━━━ Study material ━━━
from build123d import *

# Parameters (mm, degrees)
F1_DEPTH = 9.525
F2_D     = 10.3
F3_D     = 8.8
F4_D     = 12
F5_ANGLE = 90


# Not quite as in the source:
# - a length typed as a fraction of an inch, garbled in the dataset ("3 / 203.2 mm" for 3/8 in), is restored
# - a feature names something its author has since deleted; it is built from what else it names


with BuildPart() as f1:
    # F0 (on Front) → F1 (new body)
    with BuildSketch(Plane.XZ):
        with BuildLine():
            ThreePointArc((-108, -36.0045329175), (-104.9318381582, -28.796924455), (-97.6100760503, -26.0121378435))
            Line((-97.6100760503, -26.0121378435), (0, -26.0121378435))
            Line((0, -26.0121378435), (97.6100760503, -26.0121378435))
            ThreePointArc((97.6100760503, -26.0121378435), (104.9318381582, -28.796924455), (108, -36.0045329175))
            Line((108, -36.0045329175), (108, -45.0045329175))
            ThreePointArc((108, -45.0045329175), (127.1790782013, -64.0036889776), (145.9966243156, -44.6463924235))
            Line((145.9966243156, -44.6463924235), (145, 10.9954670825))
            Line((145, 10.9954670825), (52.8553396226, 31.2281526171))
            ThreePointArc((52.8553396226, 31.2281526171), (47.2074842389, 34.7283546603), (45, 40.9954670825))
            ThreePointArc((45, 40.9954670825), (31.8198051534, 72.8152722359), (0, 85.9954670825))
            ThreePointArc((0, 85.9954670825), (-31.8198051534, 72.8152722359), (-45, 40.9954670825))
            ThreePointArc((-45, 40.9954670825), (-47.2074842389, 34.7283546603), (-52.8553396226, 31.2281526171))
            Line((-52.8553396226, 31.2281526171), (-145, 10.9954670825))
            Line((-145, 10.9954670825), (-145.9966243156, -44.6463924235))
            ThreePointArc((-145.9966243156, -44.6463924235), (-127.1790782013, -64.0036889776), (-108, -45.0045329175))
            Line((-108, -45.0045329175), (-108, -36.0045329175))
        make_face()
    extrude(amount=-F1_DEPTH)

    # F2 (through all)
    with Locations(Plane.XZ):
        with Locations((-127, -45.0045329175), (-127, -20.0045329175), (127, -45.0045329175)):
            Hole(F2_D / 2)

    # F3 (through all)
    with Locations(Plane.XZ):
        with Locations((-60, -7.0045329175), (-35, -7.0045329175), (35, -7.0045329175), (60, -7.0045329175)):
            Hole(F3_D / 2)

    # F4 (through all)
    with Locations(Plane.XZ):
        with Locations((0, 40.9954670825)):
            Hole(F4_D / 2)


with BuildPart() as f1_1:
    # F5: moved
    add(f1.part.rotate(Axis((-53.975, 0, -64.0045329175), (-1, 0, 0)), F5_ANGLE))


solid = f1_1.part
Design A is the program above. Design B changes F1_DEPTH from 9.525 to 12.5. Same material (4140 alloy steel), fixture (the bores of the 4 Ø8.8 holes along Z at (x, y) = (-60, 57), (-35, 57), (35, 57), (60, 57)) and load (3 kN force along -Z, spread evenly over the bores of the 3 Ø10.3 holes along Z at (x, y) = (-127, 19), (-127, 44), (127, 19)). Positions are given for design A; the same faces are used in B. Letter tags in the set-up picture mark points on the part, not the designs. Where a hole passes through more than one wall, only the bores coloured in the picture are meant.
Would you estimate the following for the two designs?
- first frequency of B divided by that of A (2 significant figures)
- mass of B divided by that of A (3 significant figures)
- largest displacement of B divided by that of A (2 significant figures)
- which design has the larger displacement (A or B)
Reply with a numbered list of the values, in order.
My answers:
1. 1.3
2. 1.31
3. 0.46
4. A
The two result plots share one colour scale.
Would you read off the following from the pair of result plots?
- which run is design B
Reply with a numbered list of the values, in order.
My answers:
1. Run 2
━━━
━━━ Study material ━━━
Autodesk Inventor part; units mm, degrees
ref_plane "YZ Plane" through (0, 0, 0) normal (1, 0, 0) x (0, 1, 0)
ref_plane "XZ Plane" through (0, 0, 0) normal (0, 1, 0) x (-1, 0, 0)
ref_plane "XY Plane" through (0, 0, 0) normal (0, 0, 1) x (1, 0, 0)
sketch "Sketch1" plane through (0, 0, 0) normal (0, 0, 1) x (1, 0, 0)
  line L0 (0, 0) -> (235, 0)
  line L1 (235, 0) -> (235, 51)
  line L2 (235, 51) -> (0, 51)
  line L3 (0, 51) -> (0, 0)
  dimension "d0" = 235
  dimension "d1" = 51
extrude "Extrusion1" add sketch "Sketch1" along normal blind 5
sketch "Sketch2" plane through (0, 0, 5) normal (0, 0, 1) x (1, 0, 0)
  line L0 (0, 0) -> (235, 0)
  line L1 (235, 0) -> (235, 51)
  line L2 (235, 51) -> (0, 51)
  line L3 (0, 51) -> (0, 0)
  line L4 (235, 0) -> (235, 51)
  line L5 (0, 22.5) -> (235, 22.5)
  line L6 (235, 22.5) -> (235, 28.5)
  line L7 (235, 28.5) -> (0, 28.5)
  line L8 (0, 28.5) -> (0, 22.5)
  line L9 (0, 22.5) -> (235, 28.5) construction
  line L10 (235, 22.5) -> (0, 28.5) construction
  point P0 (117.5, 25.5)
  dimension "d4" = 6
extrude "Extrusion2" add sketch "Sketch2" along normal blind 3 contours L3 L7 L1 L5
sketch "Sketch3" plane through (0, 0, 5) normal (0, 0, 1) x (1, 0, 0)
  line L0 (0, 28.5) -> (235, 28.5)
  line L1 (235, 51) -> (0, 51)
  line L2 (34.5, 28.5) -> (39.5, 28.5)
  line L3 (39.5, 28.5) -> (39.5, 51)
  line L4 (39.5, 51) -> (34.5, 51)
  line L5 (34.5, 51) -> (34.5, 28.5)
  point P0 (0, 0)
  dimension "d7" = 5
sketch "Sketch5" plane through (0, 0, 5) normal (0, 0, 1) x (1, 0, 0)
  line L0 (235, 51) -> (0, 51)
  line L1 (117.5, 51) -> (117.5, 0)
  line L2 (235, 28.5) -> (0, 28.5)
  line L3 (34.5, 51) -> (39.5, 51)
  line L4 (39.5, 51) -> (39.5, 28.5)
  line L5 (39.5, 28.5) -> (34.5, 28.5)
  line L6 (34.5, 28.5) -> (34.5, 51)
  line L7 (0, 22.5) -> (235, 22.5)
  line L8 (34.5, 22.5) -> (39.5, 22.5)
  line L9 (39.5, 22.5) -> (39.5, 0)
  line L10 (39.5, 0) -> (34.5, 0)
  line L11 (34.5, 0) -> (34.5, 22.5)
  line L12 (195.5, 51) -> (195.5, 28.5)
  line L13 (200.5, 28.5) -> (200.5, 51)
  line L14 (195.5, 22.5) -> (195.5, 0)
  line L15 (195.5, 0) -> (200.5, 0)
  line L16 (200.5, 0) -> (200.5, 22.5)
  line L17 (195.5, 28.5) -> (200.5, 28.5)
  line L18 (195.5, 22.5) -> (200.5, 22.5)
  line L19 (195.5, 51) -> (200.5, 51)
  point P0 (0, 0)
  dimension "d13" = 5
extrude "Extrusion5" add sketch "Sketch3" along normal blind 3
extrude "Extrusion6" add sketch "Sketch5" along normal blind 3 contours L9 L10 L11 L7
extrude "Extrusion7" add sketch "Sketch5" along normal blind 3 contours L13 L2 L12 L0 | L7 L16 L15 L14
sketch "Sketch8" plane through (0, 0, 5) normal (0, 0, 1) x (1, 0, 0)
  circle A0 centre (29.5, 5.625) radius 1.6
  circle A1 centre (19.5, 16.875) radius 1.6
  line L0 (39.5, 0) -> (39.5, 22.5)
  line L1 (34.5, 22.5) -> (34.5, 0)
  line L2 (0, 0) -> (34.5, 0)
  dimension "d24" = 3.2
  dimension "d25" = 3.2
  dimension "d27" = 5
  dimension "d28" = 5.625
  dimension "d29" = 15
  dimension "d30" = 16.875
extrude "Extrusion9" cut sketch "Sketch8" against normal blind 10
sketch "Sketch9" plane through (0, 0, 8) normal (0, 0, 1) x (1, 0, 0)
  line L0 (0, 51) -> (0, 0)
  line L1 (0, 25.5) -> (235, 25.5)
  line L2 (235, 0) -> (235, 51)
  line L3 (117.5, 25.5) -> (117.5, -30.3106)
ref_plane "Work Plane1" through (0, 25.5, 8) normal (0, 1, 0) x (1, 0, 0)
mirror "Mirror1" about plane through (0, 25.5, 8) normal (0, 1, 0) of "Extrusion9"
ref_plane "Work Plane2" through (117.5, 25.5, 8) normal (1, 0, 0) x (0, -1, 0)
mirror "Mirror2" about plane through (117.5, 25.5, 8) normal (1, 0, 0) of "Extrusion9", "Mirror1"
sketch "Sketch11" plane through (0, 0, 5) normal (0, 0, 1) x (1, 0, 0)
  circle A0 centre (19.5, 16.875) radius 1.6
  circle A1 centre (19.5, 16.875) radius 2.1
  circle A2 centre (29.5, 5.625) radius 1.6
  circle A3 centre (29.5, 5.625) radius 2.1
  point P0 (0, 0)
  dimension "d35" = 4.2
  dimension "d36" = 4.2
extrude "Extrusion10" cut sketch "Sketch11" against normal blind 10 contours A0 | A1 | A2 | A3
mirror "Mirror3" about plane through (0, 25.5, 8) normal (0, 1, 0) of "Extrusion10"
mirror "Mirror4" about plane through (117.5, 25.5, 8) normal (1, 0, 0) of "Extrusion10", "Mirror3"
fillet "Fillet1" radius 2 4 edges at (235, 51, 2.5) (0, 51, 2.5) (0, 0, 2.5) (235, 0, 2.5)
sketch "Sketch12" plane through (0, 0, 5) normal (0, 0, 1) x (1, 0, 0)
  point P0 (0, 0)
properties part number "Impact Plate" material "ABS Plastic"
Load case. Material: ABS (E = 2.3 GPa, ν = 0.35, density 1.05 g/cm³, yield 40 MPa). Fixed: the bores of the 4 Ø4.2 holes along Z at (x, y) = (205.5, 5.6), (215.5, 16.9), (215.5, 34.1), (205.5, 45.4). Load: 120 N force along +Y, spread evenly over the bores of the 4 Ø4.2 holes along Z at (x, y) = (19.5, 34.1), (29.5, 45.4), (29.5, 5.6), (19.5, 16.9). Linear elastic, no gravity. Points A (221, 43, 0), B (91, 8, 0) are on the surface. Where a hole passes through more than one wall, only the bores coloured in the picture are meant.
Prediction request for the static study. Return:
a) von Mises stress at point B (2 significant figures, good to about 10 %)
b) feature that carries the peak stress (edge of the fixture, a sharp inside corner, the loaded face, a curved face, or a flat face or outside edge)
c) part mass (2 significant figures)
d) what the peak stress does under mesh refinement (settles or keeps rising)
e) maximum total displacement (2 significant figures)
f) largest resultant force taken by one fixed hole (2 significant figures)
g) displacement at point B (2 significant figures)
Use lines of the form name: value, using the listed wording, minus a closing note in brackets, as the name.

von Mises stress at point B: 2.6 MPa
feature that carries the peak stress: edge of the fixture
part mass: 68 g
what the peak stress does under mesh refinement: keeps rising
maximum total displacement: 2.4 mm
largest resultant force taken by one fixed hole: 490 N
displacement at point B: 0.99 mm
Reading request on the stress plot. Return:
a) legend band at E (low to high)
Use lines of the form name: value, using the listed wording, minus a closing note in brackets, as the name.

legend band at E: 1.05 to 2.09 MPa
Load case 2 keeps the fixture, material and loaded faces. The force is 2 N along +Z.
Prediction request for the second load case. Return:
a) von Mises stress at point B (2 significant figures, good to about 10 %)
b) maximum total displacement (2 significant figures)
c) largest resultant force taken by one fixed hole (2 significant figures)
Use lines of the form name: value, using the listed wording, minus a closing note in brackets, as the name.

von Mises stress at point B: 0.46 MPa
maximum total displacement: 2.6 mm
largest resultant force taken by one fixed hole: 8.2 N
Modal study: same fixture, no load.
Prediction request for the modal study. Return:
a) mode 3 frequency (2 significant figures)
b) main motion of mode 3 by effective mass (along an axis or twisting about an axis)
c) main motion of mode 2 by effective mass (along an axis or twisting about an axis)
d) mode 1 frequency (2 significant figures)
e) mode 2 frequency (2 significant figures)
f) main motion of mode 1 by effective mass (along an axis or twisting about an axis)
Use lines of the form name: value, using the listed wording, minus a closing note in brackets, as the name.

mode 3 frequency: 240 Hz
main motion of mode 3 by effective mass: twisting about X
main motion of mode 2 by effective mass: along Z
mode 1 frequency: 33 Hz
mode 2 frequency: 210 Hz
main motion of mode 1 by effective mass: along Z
━━━
━━━ Study material ━━━
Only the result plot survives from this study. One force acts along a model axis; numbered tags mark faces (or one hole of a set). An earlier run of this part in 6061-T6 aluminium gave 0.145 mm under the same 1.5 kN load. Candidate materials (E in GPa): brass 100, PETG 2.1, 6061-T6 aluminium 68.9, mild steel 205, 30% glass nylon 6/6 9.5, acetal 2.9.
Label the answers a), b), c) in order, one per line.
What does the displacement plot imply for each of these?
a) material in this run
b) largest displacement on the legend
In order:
━━━
:: What is being asked ::
Check each line of these records for the string "Would" and state only how many lines have it.

:: Response ::
2